Wish list, in order of importance

  1. Facets
  2. Grouping of results by content type
  3. Autocomplete or recommendations
  4. Spellcheck 
  5. Biasing or the ability to order the results outside the natural result set
  6. Search analytics
  7. How easily can I wrap up all the configuration into an installable module or profile?

What is out there? What's Hot?

The first thing to decide on is what engine is going to power the new search. Turns out there are a few options. Through my research I have found out that there are some big differences and specific use cases for each of the following available search options.  I found this resource which does a good job at comparing and illustrating the search options available for Drupal. It is important as a developer to look at the industry to see what is happening in the space you are looking at. Looking beyond the download counter on the module page, and/or seeing which one has active commits is important. If my selection were based purely on those two credentials, Search API DB and Solr would be clear winners. These two, although good options for some, might not hit the needs of your project. What I found was that one particular engine was stirring up some waves. 

Contrib search options for Drupal:

  • Acquia Solr
  • Other Solr
  • Search API with search db 
  • Sphinx
  • Elasticsearch
  • Fuzzy Search 
  • Xapian
  • Sarnia
  • Google Custom Search
  • Custom written extensions of Drupal core search
  • Fake it with views and exposed filters

What are these things?

Search API is a collection of modules that allow site builders to build out advanced full text search solutions for Drupal.
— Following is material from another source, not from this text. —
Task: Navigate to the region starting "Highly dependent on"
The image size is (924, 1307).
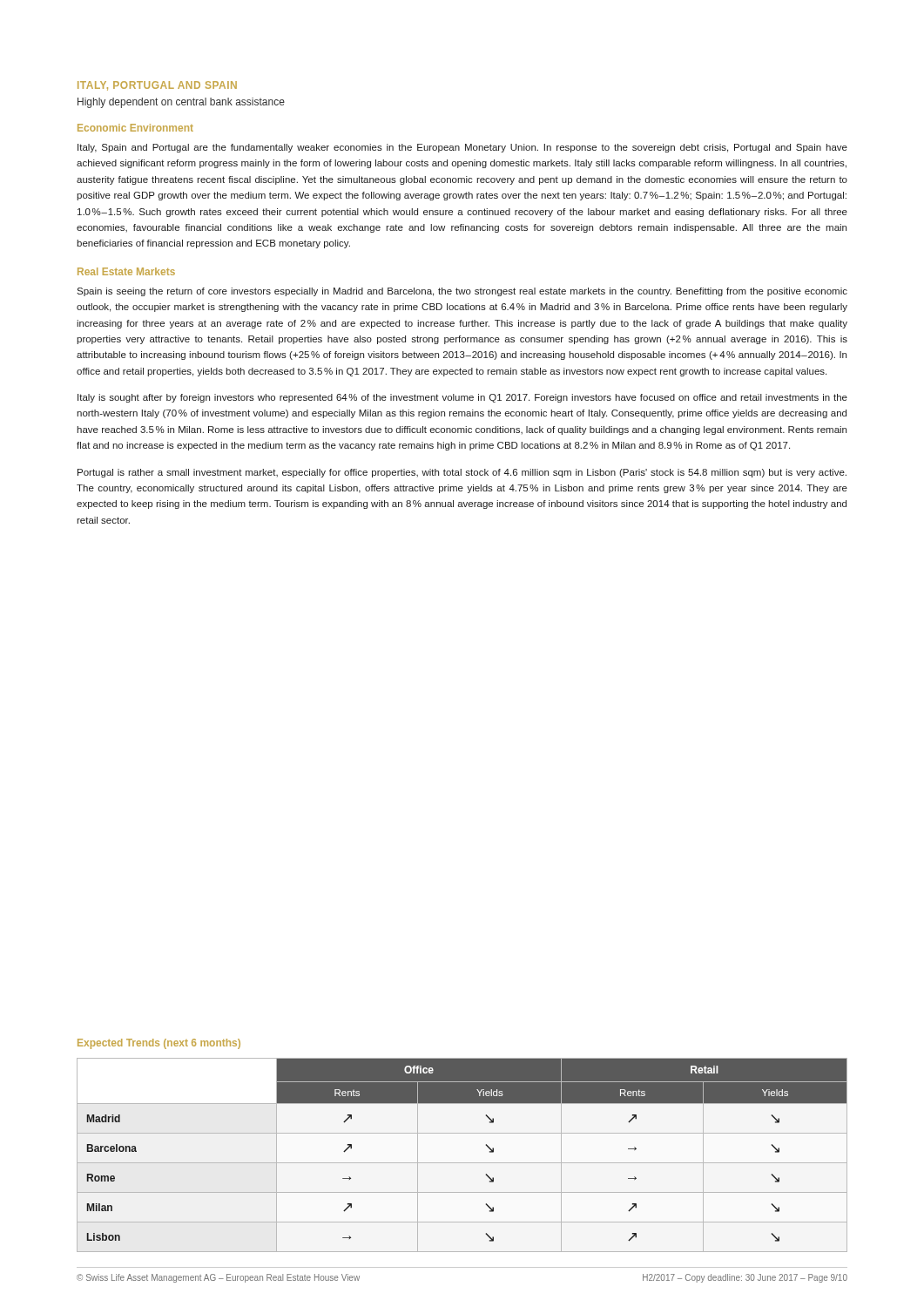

Right from the project page itself:

"This module provides a framework for easily creating searches on any entity known to Drupal, using any kind of search engine. For site administrators, it is a great alternative to other search solutions, since it already incorporates faceting support and the ability to use the Views module for displaying search results, filters, etc. Also, with the Apache Solr integration, a high-performance search engine is available for this module.

Developers, on the other hand, will be impressed by the large flexibility and numerous ways of extension the module provides. Hence, the growing number of additional contrib modules, providing additional functionality or helping users customize some aspects of the search process." (Drupal.org project page)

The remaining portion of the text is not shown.